Hacker News new | ask | show | jobs
by 1996 2303 days ago
I cringe a bit inside at people using say nosql approaches when it makes literally no sense to do so.

Therefore I think the lack of OLTP will not matter much and that clickhouse will be widely used, but also misused when it becomes too fashionable.

2 comments

This makes no sense.

For example, aside from the lack of transactions, Clickhouse is designed for insertion. There's an INSERT statement, but no UPDATE or DELETE statements. You can rewrite tables (there's ALTER TABLE ... UPDATE and ALTER TABLE ... DELETE), but they're intended for large batch operations, and the operations potentially asynchronous, meaning that they complete right away, but you only see results later.

ClickHouse has many other limitations. For example, there's no enforcement of uniqueness: You can insert the same primary key multiple times. You can dedupe the data, but only specific table engines support this.

There's absolutely no way anyone will want to use ClickHouse as a general-purpose database.

I should have phrased that differently: if something is good enough in some key metric, it extends to other uses - even if it makes a poor fit.

So I insist: everyone will WANT to use clickhouse as a general purpose database, and will create ways to make it so (ex: copy table with the columns you don't want filtered out, drop the original, rename)

It is just too fast and too good for many other things, so it will expand from these strongholds to the rest.

A personal example: I am migrating my cold storage to clickhouse, because I can just copy the files in place and be up and running.

I know about insert and the likes, I have a great existing system - but this lets me simplify the design, and deprecate many things. Fewer moving parts is in general better.

After that is done, there is a database where I would benefit from things like alter tables or advanced joins, but keeping PostgreSQL and ClickHouse side by side, just for this? No. PostgreSQL will go. Dirty tricks will be deployed. Data will be duplicated if necessary.

Advanced joins (specifically merge joins) and object storage are on the way. See the following PRs:

* https://github.com/ClickHouse/ClickHouse/pulls?q=is%3Apr+mer... -- Recent work to enable merge joins

* https://github.com/ClickHouse/ClickHouse/pulls?q=is%3Apr+s3 -- Same thing for managing data on S3 compatible object storage

There's been a lot of community interest in both topics.
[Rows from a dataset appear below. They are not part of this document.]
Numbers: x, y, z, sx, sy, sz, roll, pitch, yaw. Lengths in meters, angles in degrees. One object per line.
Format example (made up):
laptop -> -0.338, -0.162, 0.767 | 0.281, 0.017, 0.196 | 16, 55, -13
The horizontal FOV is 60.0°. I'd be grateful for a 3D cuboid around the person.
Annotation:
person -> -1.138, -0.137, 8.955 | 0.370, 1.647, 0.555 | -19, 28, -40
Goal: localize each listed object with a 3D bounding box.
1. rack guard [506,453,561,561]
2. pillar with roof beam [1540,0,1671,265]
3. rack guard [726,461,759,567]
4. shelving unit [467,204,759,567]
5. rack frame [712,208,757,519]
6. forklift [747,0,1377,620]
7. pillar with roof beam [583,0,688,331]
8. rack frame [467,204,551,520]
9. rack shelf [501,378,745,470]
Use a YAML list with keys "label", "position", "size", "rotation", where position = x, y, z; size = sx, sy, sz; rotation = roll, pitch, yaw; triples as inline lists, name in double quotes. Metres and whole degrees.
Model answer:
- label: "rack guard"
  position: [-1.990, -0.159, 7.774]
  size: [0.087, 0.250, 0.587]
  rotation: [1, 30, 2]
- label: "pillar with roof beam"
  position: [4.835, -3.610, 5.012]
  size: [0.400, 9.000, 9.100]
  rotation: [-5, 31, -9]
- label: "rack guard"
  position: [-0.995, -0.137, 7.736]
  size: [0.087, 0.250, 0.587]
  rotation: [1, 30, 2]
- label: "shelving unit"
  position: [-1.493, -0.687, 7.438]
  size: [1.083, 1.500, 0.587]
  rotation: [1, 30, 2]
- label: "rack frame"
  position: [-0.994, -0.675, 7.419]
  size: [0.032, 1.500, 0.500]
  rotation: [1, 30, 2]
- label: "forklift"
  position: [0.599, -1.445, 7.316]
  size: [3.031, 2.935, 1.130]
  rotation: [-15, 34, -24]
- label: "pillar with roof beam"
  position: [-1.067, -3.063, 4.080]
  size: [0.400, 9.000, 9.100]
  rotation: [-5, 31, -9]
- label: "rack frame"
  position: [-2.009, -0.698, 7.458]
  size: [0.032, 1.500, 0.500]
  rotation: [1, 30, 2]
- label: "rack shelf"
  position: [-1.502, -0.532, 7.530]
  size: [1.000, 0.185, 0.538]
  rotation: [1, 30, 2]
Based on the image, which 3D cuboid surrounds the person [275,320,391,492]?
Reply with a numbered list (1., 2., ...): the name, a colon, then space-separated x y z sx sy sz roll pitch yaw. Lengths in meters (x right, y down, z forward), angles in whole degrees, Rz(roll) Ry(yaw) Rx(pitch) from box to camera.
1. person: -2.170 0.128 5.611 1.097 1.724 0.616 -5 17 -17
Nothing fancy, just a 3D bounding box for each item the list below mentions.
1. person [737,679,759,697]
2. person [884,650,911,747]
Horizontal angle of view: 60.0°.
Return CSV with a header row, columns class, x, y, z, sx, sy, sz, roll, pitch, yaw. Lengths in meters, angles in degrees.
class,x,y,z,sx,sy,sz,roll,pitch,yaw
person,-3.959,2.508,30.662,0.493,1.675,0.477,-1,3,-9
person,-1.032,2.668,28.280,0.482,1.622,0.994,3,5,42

Merge join work is largely driven by the ClickHouse team at Yandex. Object storage contributions are from a wider range of teams.

That said I don't see ClickHouse replacing OLTP databases any time soon. It's an analytic store and many of the design choices favor fast, resource efficient scanning and aggregation over large datasets. ClickHouse is not the right choice for high levels of concurrent users working on mutable point data. For this Redis, PostgreSQL, or MySQL are your friends.

Sure - but the comment you're replying to made no mention of NoSQL. It just said Clickhouse lacks OLTP by design, that doesn't mean it won't be widely used, just that it will perhaps be limited to analytics workloads.

If you need deletes and transactions, look elsewhere, but Clickhouse seems to be great for what it's been designed for.